───── DATA PROVIDED ─────

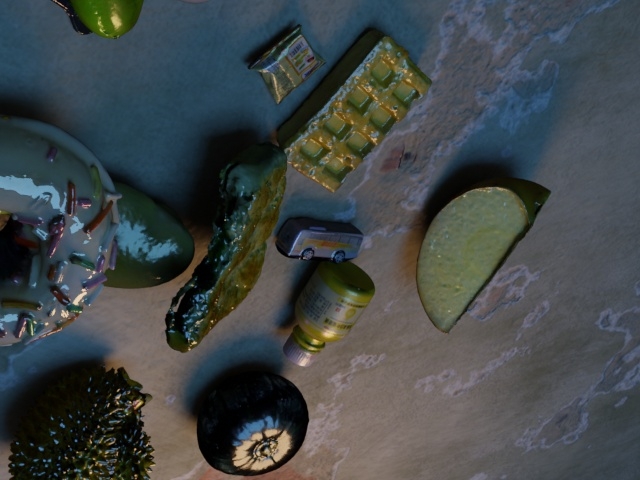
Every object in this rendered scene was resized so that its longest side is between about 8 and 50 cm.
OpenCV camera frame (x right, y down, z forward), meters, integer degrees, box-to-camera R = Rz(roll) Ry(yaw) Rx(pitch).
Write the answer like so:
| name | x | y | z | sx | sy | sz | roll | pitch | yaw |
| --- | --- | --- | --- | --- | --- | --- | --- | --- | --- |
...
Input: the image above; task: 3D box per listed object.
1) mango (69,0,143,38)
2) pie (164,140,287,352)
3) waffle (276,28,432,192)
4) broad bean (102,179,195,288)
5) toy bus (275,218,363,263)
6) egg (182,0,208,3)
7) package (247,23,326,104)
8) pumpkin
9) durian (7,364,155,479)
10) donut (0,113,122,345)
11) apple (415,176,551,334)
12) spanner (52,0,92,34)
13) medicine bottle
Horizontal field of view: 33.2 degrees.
| name | x | y | z | sx | sy | sz | roll | pitch | yaw |
| --- | --- | --- | --- | --- | --- | --- | --- | --- | --- |
| mango | -0.286 | -0.366 | 1.376 | 0.111 | 0.125 | 0.233 | -23 | 138 | -9 |
| pie | -0.146 | 0.013 | 1.771 | 0.371 | 0.078 | 0.296 | -66 | 168 | 2 |
| waffle | 0.055 | -0.221 | 1.831 | 0.274 | 0.057 | 0.168 | -47 | 139 | 9 |
| broad bean | -0.333 | -0.010 | 1.703 | 0.263 | 0.121 | 0.189 | 22 | 118 | -31 |
| toy bus | 0.000 | 0.000 | 2.000 | 0.172 | 0.057 | 0.072 | 5 | 116 | -41 |
| egg | -0.182 | -0.380 | 1.460 | 0.103 | 0.103 | 0.135 | -44 | 142 | 5 |
| package | -0.052 | -0.280 | 1.714 | 0.108 | 0.031 | 0.120 | -40 | 146 | 1 |
| pumpkin | -0.137 | 0.372 | 2.160 | 0.233 | 0.163 | 0.233 | -20 | 135 | -22 |
| durian | -0.425 | 0.366 | 1.886 | 0.258 | 0.258 | 0.292 | 14 | 102 | -44 |
| donut | -0.467 | 0.001 | 1.507 | 0.383 | 0.142 | 0.382 | -9 | 127 | -11 |
| apple | 0.320 | 0.013 | 2.165 | 0.254 | 0.179 | 0.346 | 15 | 119 | -31 |
| spanner | -0.362 | -0.331 | 1.426 | 0.046 | 0.012 | 0.208 | -43 | 146 | 10 |
| medicine bottle | 0.006 | 0.146 | 2.088 | 0.122 | 0.122 | 0.212 | 10 | 120 | -43 |

─────

EXERCISE DESCRIPTION: Go through the records and copy each line with "object" in it.

ANSWER SPACE:
Every object in this rendered scene was resized so that its longest side is between about 8 and 50 cm.
Input: the image above; task: 3D box per listed object.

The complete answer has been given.